Ob Feuer­sa­la­mander, Waldkäuzchen oder Hirsch­käfer. Der Natur­fo­tograf Matthias Gröner hat ein Auge für den richtigen Moment. Mit gebüh­rendem Respekt für die Lebens­räume seiner Modelle bringt uns der Black-Metal und Dungeon-Synth Enthu­siast vielsa­gende und lebendige Moment­auf­nahmen aus der freien Wildbahn direkt auf unsere Endgeräte. Wir haben ein wunderbar tiefgrei­fendes Gespräch mit Matthias geführt.

(c) Matthias Gröner
© Matthias Gröner

Matthias, du hast in den sozialen Netzwerken und auf www.naturbildermagazin.de ja schon so einiges an Bildma­terial veröf­fent­licht. Deine Bilder wirken dabei grund­sätzlich farbenfroh und sehr lebendig. Wieviel Zeit verbringst du in der freien Natur, um diesen doch recht ordent­lichen Output an quali­tativ hochwer­tigen Bildern zu erzielen?

Erst einmal ein großes Danke­schön für diese Möglichkeit und für dein Lob. Es freut mich immer zu hören, wenn jemand Gefallen an meinen Fotografien hat.

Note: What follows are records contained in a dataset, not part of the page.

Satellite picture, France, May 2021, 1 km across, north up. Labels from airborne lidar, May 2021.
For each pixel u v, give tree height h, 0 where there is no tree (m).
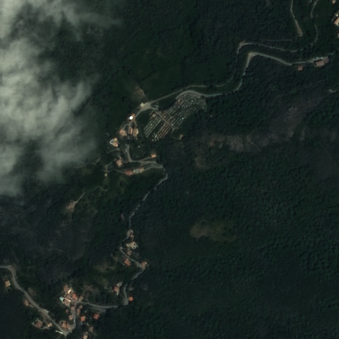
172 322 6
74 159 6
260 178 7
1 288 9
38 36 0
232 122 13
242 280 6
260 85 9
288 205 7
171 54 7
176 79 0
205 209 11
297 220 13
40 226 9
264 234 8
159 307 9
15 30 8
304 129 0
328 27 9
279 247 17
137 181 7
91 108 8
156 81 0
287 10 8
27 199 9
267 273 9
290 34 13
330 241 13
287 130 0
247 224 9
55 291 13
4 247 13
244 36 14
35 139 6
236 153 8
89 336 6
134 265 7
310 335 9
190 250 6
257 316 8
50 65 9
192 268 7
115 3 6
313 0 15
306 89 6
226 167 14
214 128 10
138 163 9
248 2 19
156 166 0
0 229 7
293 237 8
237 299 8
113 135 10
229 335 7
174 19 7
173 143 8
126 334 7
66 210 0
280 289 7
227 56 8
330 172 0
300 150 6
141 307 11
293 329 6
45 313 0
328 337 8
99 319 11
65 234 6
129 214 11
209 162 10
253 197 9
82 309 6
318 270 18
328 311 11
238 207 6
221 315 8
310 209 12
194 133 12
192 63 11
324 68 11
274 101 10
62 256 10
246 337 8
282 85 19
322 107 6
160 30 9
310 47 14
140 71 0
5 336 5
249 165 11
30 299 0
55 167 9
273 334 8
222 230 0
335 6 6
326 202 12
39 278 9
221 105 19
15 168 7
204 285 6
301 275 8
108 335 8
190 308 8
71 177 7
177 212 9
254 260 6
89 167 10
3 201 8
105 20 7
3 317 6
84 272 21
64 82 10
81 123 9
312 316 6
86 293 7
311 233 15
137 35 6
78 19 0
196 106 0
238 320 7
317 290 7
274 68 9
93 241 6
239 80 10
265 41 6
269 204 10
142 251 8
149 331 12
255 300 6
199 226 0
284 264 9
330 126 6
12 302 5
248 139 0
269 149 6
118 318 6
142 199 6
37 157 7
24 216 6
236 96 11
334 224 11
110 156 6
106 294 15
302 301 9
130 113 11
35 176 7
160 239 7
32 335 13
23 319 6
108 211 10
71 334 7
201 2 6
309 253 8
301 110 0
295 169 12
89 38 6
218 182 10
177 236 8
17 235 7
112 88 6
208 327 7
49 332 10
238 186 15
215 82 14
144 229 9
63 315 0
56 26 0
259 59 8
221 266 12
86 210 13
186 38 10
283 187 7
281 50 9
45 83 5
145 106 0
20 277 6
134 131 0
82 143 11
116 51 9
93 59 8
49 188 10
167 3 10
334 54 7
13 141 9
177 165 7
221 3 9
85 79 12
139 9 15
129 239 9
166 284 10
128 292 9
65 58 10
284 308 8
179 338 6
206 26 16
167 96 0
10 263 0
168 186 8
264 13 15
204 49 16
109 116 14
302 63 6
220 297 7
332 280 7
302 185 10
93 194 10
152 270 11
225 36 8
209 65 8
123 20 10
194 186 12
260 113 12
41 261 11
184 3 17
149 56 8
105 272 0
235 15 8
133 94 0
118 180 0
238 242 10
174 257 6
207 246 7
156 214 6

Zu deiner Frage: das ist tatsächlich sehr unter­schiedlich. In manchen Wochen bin ich 3 oder 4 Mal unterwegs oder eben übers Wochenende an einer bestimmten Fotolo­cation. Wie lange diese Touren sind, das bestimmt letzt­endlich der Erfolg, die physische Bereit­schaft, das Wetter, spezielle Eigen­heiten des „Fotomo­dells“ oder ganz einfach die Lust & Laune. Es kommt aber auch vor, dass ich 3 oder 4 Wochen überhaupt nicht umher­ziehe, um zu fotogra­fi­schen Ergeb­nissen zu kommen. Da ich dies alles nur hobby­mäßig betreibe und es mir vorrangig Spaß machen soll, möchte ich mir dahin­gehend auch keinen Druck machen und etwas daran ändern. Solange ich nicht „liefern“ muss komme ich auch nicht in die Verle­genheit, mögli­cher­weise zu weit zu gehen.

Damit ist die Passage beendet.